Biasanya terjadi barter antar nelayan hasil rumput laut dengan kebutuhan masyarakat seperti beras, meja kursi, alat-alat elektronik termasuk bahan-bahan untuk mengolah rumput laut.
Saat saya tiba di Luang Timur sedang terjadi negosiasi antara pedagang Makassar dengan pemerintah setempat terkait harga. Harga yang ditawarkan 20 ribu per kilo sedangkan pemerintah desa mematok harga 25 ribu per kilo.
Terjadi negosiasi yang cukup alot terkait harga. Diperlukan intervensi pemerintah untuk melindungi warga masyarakat dari spekulasi harga jual rumput laut.
Di pulau Sermata relatif daratannya lebih subur. Ada beberapa desa penghasil jagung dan sayur-sayuran serta umbi-umbian. Salah satu hasil hutan yang terkenal di pulau ini juga adalah Madu.
Madu Sermata mempunyai kualitas yang baik sekali.
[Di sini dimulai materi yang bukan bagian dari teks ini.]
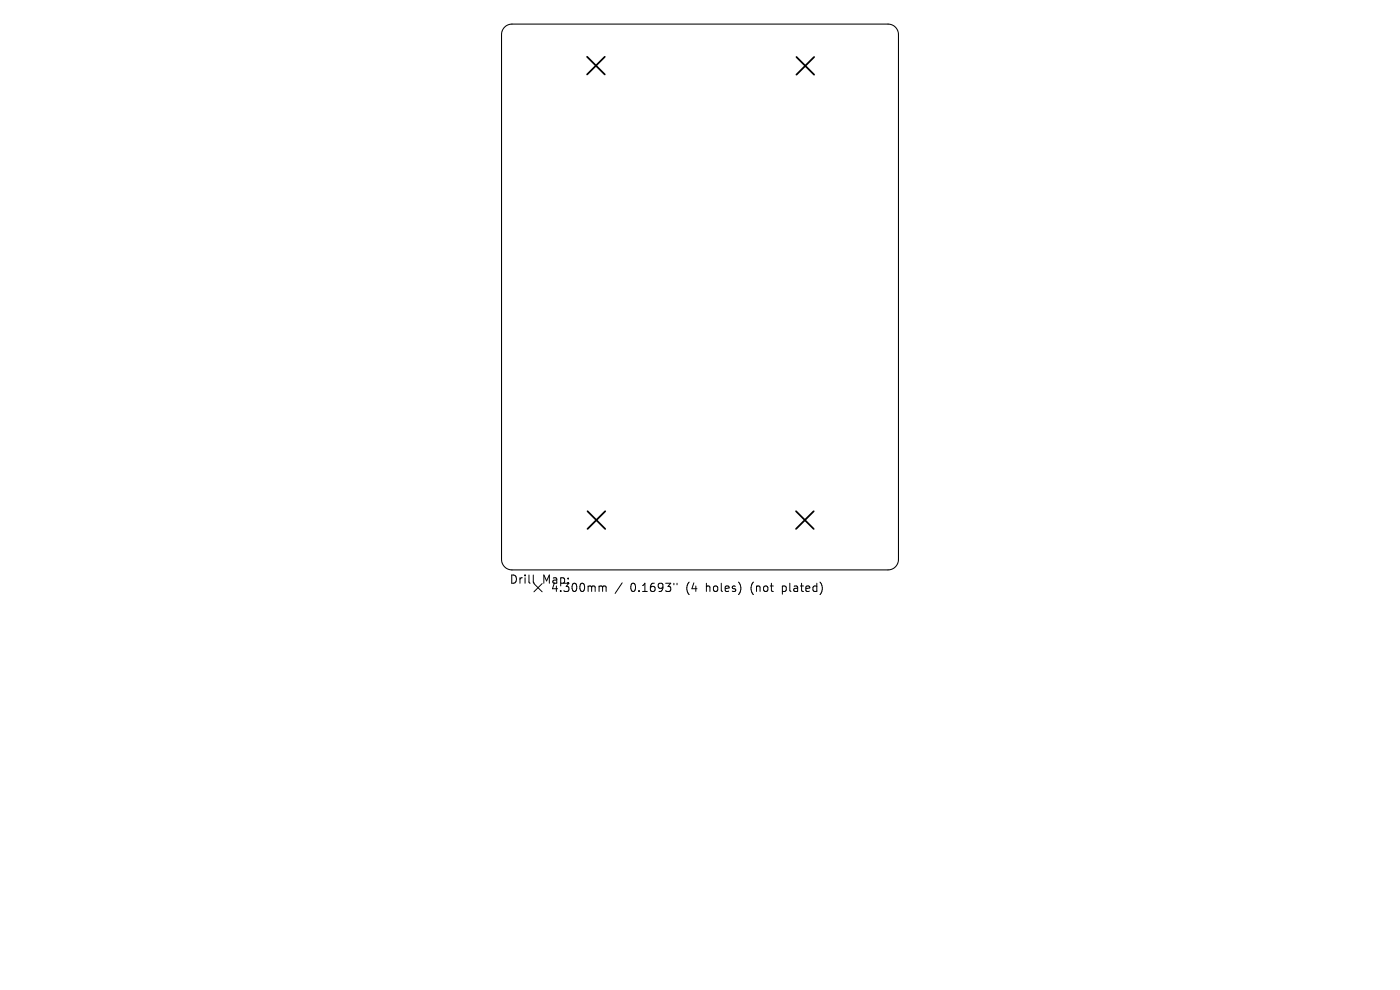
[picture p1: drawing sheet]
<svg xmlns="http://www.w3.org/2000/svg" width="297mm" height="210mm" viewBox="0 0 297 210" stroke-linecap="round" stroke-linejoin="round" font-family="sans-serif">
<defs><g id="words">
<g font-size="2.4">
<text x="108" y="124.1">Drill</text>
<text x="115" y="124.1">Map:</text>
<text x="116.8" y="125.8">4.300mm</text>
<text x="133.7" y="125.8">0.1693&quot;</text>
<text x="145.7" y="125.8">(4</text>
<text x="150" y="125.8">holes)</text>
<text x="159.7" y="125.8">(not</text>
<text x="166.5" y="125.8">plated)</text>
</g>
</g></defs>
<path d="M107 5.8l.9-.6 .7-.1h79.8a2.22 2.22 0 0 1 2.2 2.2v111.4a2.22 2.22 0 0 1-2.2 2.2h-79.8a2.22 2.22 0 0 1-2.2-2.2v-111.4l.2-.9z" fill="none" stroke="#000" stroke-width=".22"/>
<path d="M124.6 12l3.7 3.8M128.3 12l-3.7 3.8M169 12.1l3.7 3.7M172.7 12.1l-3.7 3.7M124.6 108.4l3.8 3.8M128.4 108.4l-3.8 3.8M168.9 108.4l3.7 3.8M172.6 108.4l-3.7 3.8" fill="none" stroke="#000" stroke-width=".38"/>
<path d="M113.1 122v1.5l.3 .2M113.3 123.8l1.7 1.7M115 123.8l-1.7 1.7M127.3 124.3l.5 .1v.2M127.8 124.6l.3-.3 .4 .1 .1 1.1M127.8 124.6v.9M132 123.6l-1.5 2.3M143 123.7v.4M143.6 123.7v.4" fill="none" stroke="#000" stroke-width=".21"/>
<use href="#words"/>
</svg>

Warga masyarakat berjuang sekuat tenaga untuk mengolah hasil alam yang tersedia. Moda transportasi di pulau-pulau ini relatif belum lancar.
Di desa Mahaleta ada sebuah pelabuhan kapal laut. Walau sudah ada rute Kapal Sabuk Nusantara dalam program “tol laut” tetapi beberapa infrastruktur perlu diperhatikan lagi.
Misalnya di pulau Luang sampai hari ini tidak ada pelabuhan kapal. Akibatnya kapal yang datang hanya terapung-apung di pinggir pantai, lalu masyarakat dengan jolor-jolor (alat transportasi lokal) merapat ke kapal untuk mengambil penumpang dan barang.
Saya mendapat informasi dari seorang pejabat Kabupaten Maluku Barat Daya bahwa pemerintah sedang menjajaki pembangunan pelabuhan laut di pulau Luang. Semoga niat ini benar-benar dapat terealisasikan.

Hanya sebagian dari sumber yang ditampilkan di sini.